Jarvis might’ve seen that coming but apparently didn’t. She was cagey enough to enlist both Wanamaker and the florist industry when she was campaigning for the holiday.
By 1920, she was denouncing the day’s commercialization and urged people to stop buying Mother’s Day flowers, cards, and candy. Eventually, she was launching lawsuits against groups that used the name Mother’s Day.
In 1948, she denounced the holiday completely and lobbied to have it taken off the U.S. holiday calendar.
It wasn’t.
The lawsuits ate through her money and she died broke. The floral and greetings card companies that she had campaigned against paid her bills.
If anyone’s campaigning to establish National Irony Day, her story’s a perfect fit.
And Father’s Day?
No insult to fathers intended here, but it’s easier to get sentimental about a group that’s ignored or treated badly the rest of the year. Then once a year, you show up with flowers and chocolate and, you know, that makes it all okay.

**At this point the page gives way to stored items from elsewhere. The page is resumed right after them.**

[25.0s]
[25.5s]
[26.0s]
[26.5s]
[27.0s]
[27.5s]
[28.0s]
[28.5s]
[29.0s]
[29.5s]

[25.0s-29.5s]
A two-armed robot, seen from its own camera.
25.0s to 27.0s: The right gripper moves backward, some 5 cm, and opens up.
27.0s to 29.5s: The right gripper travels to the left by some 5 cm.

Fathers, though? They just don’t have the same appeal. Although you can trace Father’s Day back to the middle ages too, if you want.

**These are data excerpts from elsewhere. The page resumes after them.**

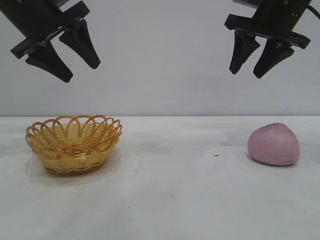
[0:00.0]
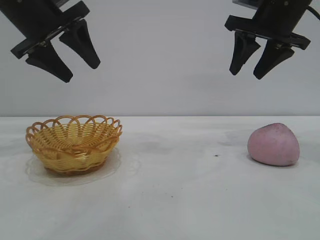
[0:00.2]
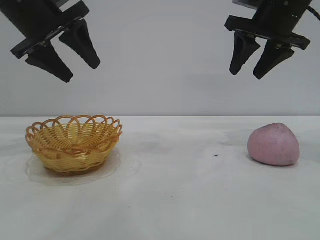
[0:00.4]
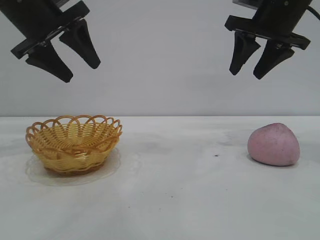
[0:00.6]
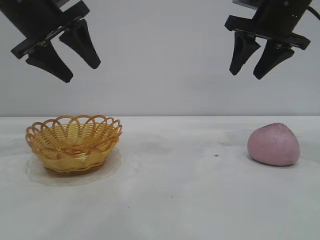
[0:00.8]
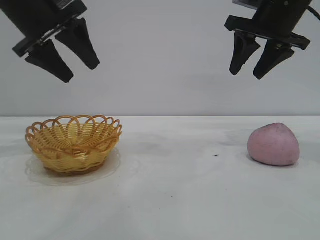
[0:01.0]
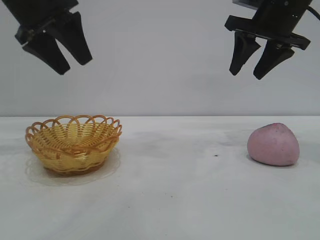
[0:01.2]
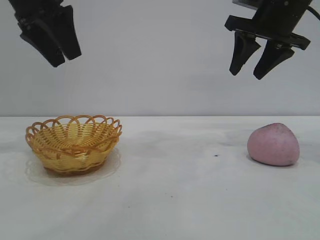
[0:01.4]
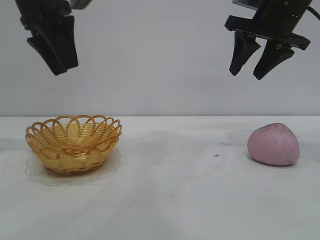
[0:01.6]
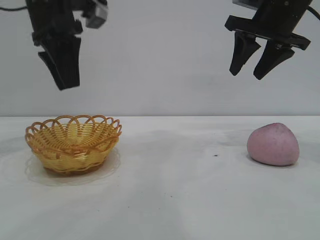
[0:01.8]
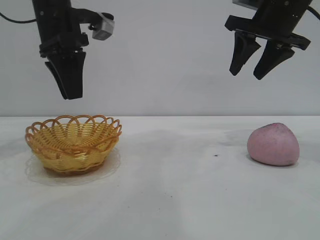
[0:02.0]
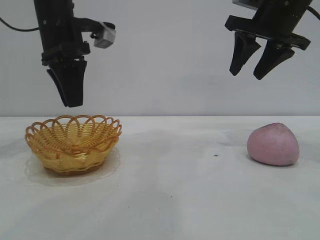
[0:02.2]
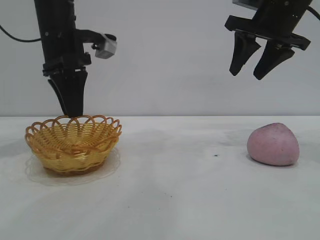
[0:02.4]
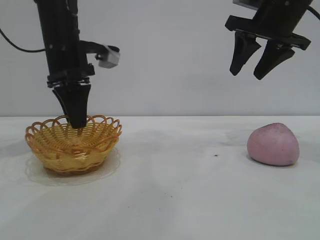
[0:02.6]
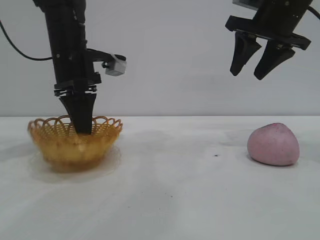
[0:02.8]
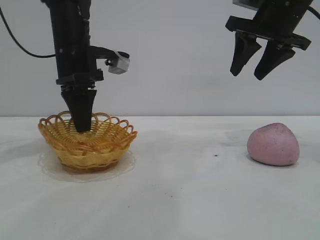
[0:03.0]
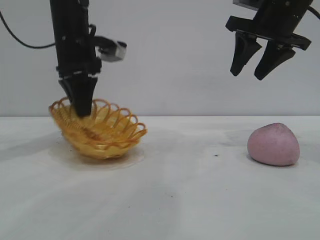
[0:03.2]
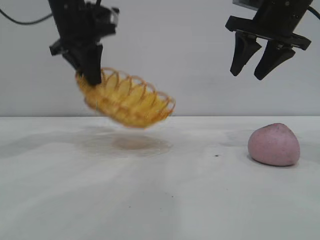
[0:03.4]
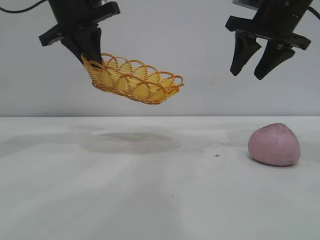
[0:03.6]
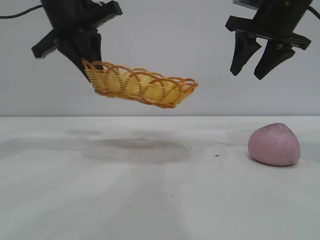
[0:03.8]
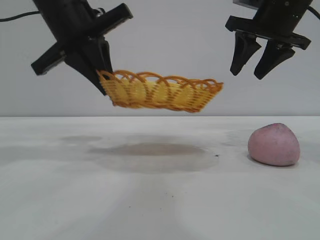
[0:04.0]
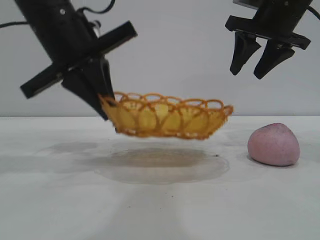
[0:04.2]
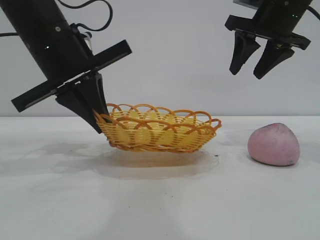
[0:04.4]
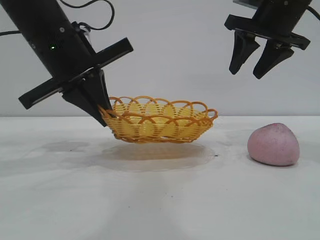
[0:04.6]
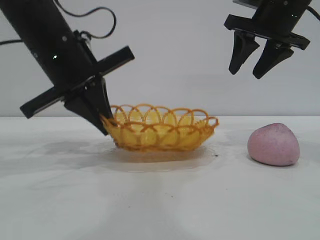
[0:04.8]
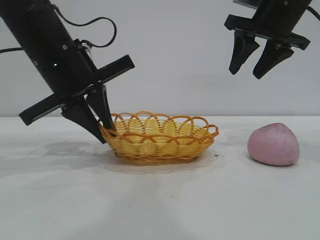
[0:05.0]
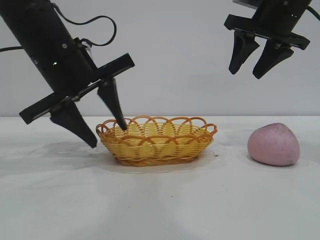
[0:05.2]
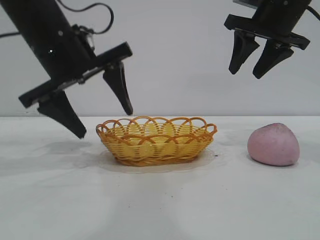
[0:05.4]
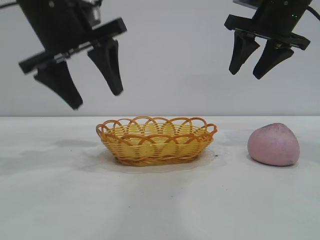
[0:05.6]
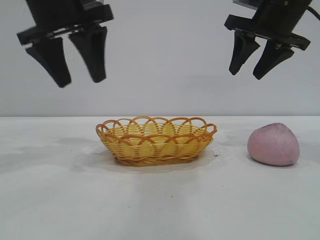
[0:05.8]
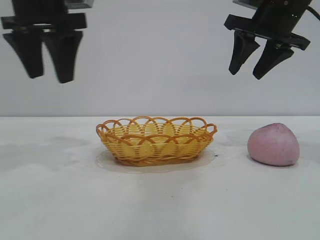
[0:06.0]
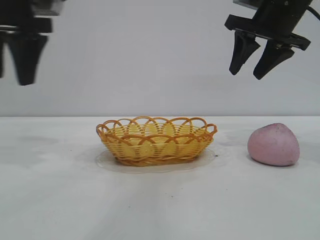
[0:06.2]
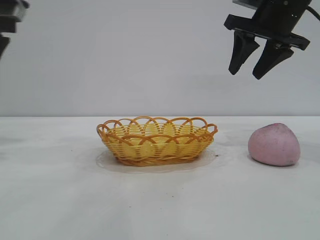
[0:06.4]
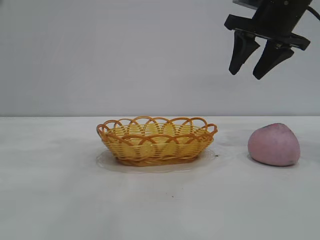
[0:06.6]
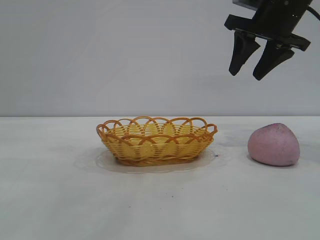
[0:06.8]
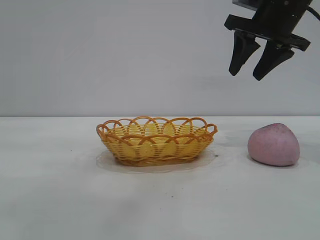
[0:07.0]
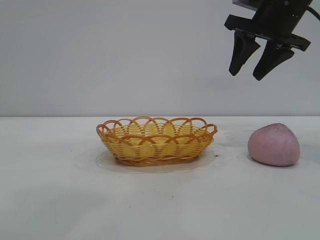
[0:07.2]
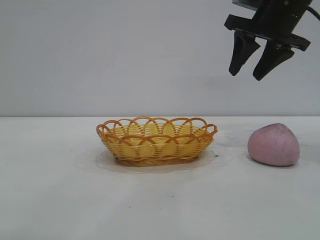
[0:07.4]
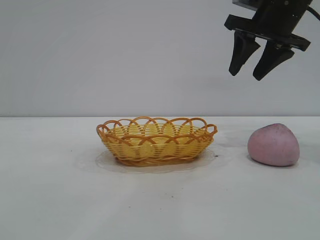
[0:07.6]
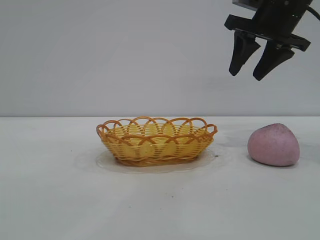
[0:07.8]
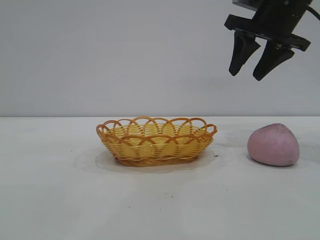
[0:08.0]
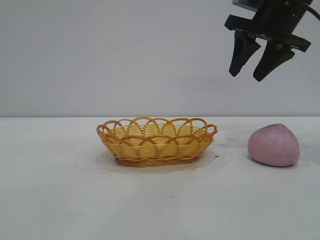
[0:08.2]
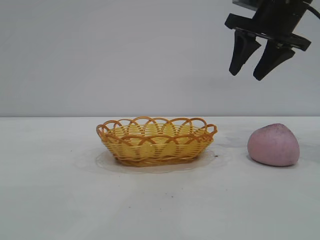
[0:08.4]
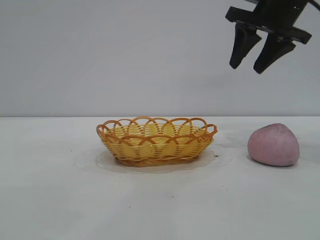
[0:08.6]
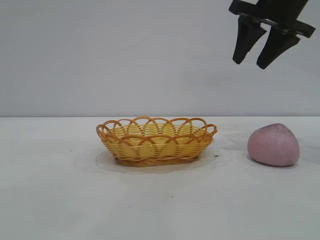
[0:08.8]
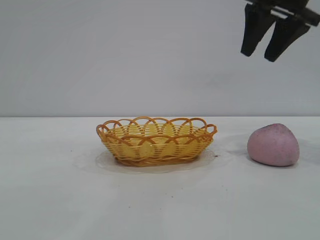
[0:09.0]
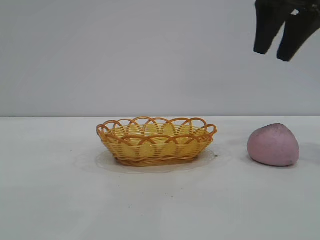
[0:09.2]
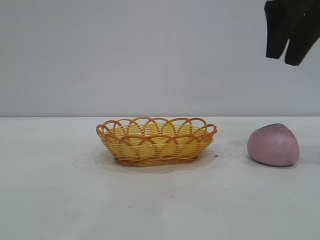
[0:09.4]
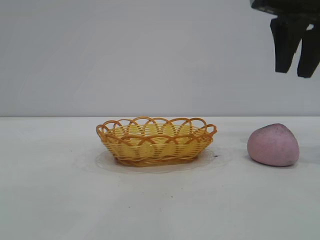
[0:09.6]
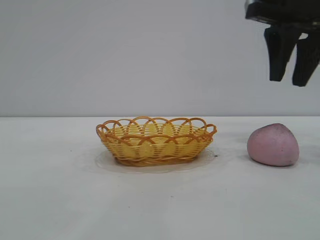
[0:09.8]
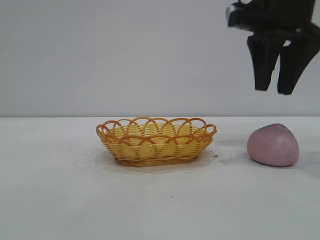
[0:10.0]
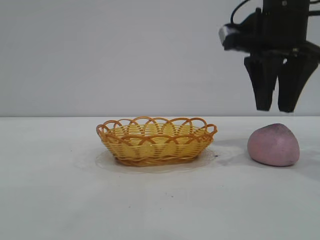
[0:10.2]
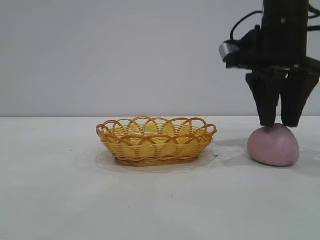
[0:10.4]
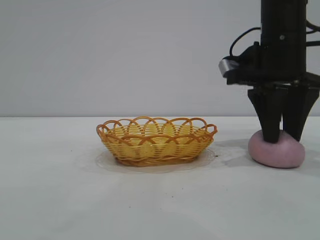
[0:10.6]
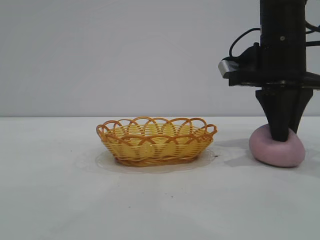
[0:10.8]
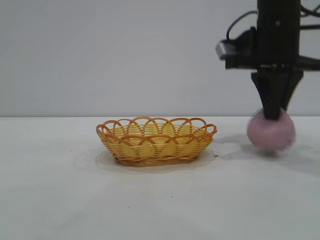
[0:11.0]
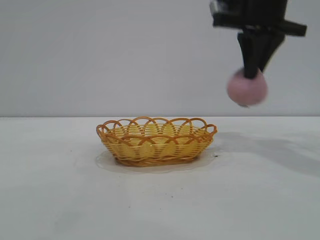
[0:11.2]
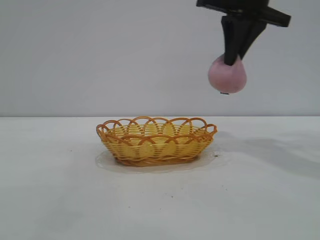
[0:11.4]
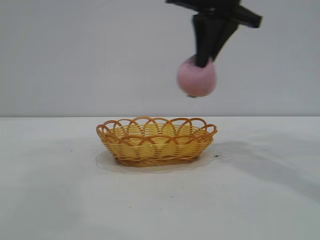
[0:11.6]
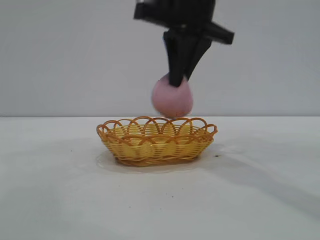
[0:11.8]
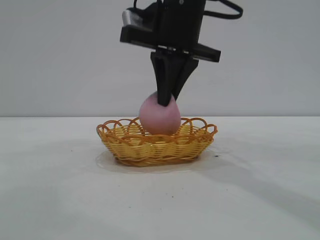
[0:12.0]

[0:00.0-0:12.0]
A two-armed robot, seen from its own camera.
Task of the whole recording: pick up the peach and put it into the basket.
Step, 0:00.0 to 0:05.6: Move the basket to the center of view.
Step, 0:05.8 to 0:11.0: Pick up the peach.

Of course you want. European Catholics celebrated Saint Joseph’s Day on 19 March, and a tradition of celebrating fatherhood in general can be traced back to 1508–which doesn’t say that it began then, only that if it started earlier no one’s found the notes.
In 1966, the U.S. made it a national holiday. It’s also celebrated in the U.K. but not an official holiday.
British government contributes toward environmental protesters’ fines
Just when you decide that humans have thought of every possible way to protest, the environmental campaign group Insulate Britain bought environment secretary George Eustace’s office and they’re donating his rent to a legal fund for activists who’ve been arrested.
Eustace has spoken against the group. The group has spoken against Eustace. He has more power, but for the moment at least, they’ve gotten the last word.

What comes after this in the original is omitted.